- Work to complete -
Please transcribe the data that follows exactly as given, leaving out every picture.

- Material to process -
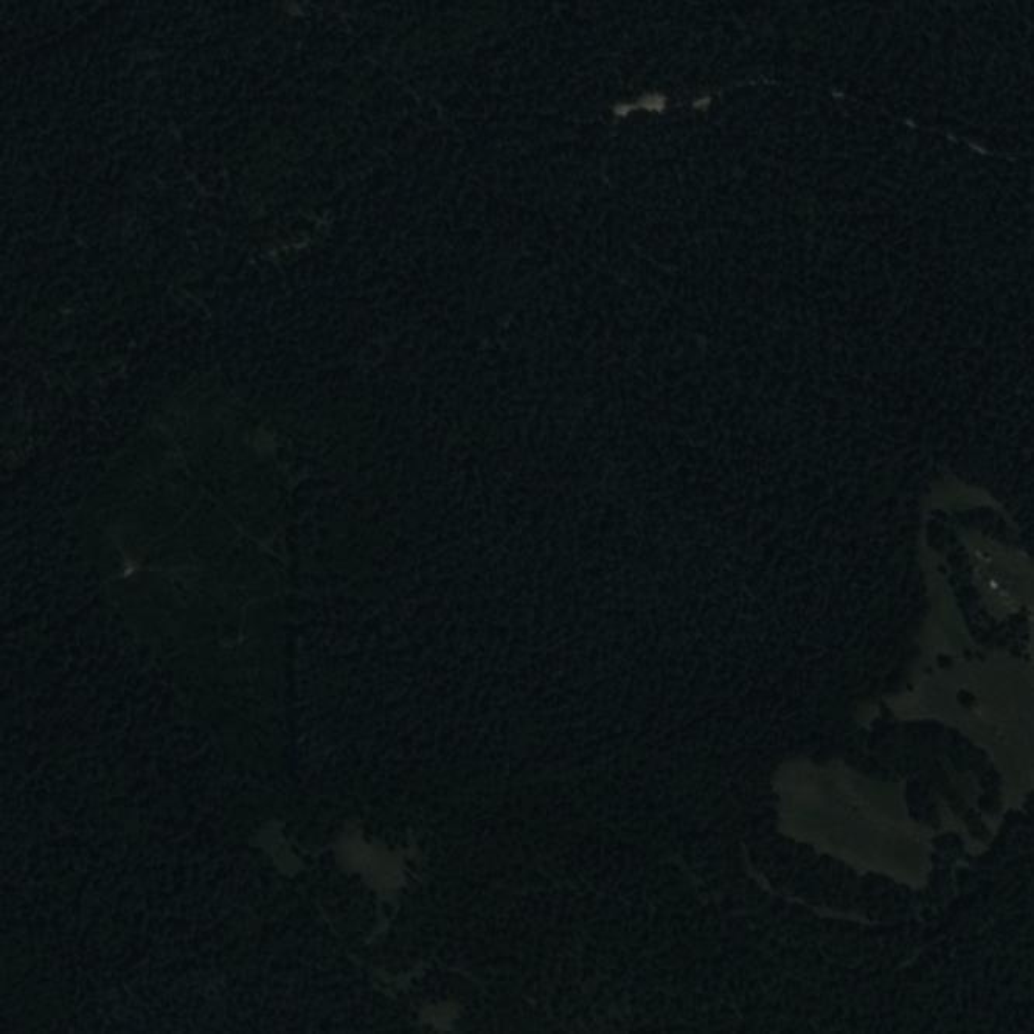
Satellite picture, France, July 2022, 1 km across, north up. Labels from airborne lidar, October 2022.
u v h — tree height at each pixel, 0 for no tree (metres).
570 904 12
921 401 12
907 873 0
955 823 0
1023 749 0
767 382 22
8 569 21
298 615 22
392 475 17
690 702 22
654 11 20
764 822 11
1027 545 7
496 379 17
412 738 25
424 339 19
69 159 21
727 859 18
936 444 16
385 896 0
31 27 20
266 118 13
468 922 12
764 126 24
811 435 11
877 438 25
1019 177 21
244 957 15
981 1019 22
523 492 21
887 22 15
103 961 18
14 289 17
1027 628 13
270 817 7
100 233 22
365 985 11
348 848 0
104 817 19
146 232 20
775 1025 9
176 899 20
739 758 16
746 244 29
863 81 14
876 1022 15
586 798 6
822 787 0
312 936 16
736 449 20
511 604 21
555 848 7
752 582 21
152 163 17
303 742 24
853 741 20
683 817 9
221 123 14
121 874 19
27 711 21
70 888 8
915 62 9
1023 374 17
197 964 23
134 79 20
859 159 12
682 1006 18
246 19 18
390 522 19
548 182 27
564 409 17
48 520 20
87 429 20
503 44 23
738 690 22
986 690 0
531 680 19
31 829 19
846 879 16
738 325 19
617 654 14
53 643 13
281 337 22
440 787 14
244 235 24
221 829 20
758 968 9
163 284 19
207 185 15
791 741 21
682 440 21
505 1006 7
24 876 18
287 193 15
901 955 17
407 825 13
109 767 18
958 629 0
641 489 20
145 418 20
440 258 17
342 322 22
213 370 16
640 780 14
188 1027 21
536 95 16
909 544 18
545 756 20
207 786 17
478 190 11
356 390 17
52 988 16
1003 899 17
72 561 21
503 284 24
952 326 25
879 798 0
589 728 21
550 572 20
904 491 10
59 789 16
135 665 19
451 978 13
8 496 22
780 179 12
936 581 0
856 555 15
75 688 25
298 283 20
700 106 0
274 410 24
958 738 20
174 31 18
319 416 15
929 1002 18
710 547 20
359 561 18
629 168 17
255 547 8
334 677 20
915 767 19
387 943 7
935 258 22
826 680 20
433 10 17
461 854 9
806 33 17
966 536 0
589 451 18
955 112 16
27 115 13
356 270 21
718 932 14
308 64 18
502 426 17
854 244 25
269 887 21
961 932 20
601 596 21
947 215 19
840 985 15
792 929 18
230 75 12
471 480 24
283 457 12
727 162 9
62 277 13
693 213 19
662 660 19
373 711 24
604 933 13
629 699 22
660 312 10
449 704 22
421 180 24
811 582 21
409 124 21
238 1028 12
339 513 16
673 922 10
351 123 16
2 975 16
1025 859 19
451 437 22
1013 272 16
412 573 20
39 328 15
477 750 25
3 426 15
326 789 11
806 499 10
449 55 16
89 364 20
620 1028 12
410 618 22
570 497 11
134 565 0
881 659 19
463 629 19
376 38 14

- Finished task -
Satellite picture, France, July 2022, 1 km across, north up. Labels from airborne lidar, October 2022.
u v h — tree height at each pixel, 0 for no tree (metres).
570 904 12
921 401 12
907 873 0
955 823 0
1023 749 0
767 382 22
8 569 21
298 615 22
392 475 17
690 702 22
654 11 20
764 822 11
1027 545 7
496 379 17
412 738 25
424 339 19
69 159 21
727 859 18
936 444 16
385 896 0
31 27 20
266 118 13
468 922 12
764 126 24
811 435 11
877 438 25
1019 177 21
244 957 15
981 1019 22
523 492 21
887 22 15
103 961 18
14 289 17
1027 628 13
270 817 7
100 233 22
365 985 11
348 848 0
104 817 19
146 232 20
775 1025 9
176 899 20
739 758 16
746 244 29
863 81 14
876 1022 15
586 798 6
822 787 0
312 936 16
736 449 20
511 604 21
555 848 7
752 582 21
152 163 17
303 742 24
853 741 20
683 817 9
221 123 14
121 874 19
27 711 21
70 888 8
915 62 9
1023 374 17
197 964 23
134 79 20
859 159 12
682 1006 18
246 19 18
390 522 19
548 182 27
564 409 17
48 520 20
87 429 20
503 44 23
738 690 22
986 690 0
531 680 19
31 829 19
846 879 16
738 325 19
617 654 14
53 643 13
281 337 22
440 787 14
244 235 24
221 829 20
758 968 9
163 284 19
207 185 15
791 741 21
682 440 21
505 1006 7
24 876 18
287 193 15
901 955 17
407 825 13
109 767 18
958 629 0
641 489 20
145 418 20
440 258 17
342 322 22
213 370 16
640 780 14
188 1027 21
536 95 16
909 544 18
545 756 20
207 786 17
478 190 11
356 390 17
52 988 16
1003 899 17
72 561 21
503 284 24
952 326 25
879 798 0
589 728 21
550 572 20
904 491 10
59 789 16
135 665 19
451 978 13
8 496 22
780 179 12
936 581 0
856 555 15
75 688 25
298 283 20
700 106 0
274 410 24
958 738 20
174 31 18
319 416 15
929 1002 18
710 547 20
359 561 18
629 168 17
255 547 8
334 677 20
915 767 19
387 943 7
935 258 22
826 680 20
433 10 17
461 854 9
806 33 17
966 536 0
589 451 18
955 112 16
27 115 13
356 270 21
718 932 14
308 64 18
502 426 17
854 244 25
269 887 21
961 932 20
601 596 21
947 215 19
840 985 15
792 929 18
230 75 12
471 480 24
283 457 12
727 162 9
62 277 13
693 213 19
662 660 19
373 711 24
604 933 13
629 699 22
660 312 10
449 704 22
421 180 24
811 582 21
409 124 21
238 1028 12
339 513 16
673 922 10
351 123 16
2 975 16
1025 859 19
451 437 22
1013 272 16
412 573 20
39 328 15
477 750 25
3 426 15
326 789 11
806 499 10
449 55 16
89 364 20
620 1028 12
410 618 22
570 497 11
134 565 0
881 659 19
463 629 19
376 38 14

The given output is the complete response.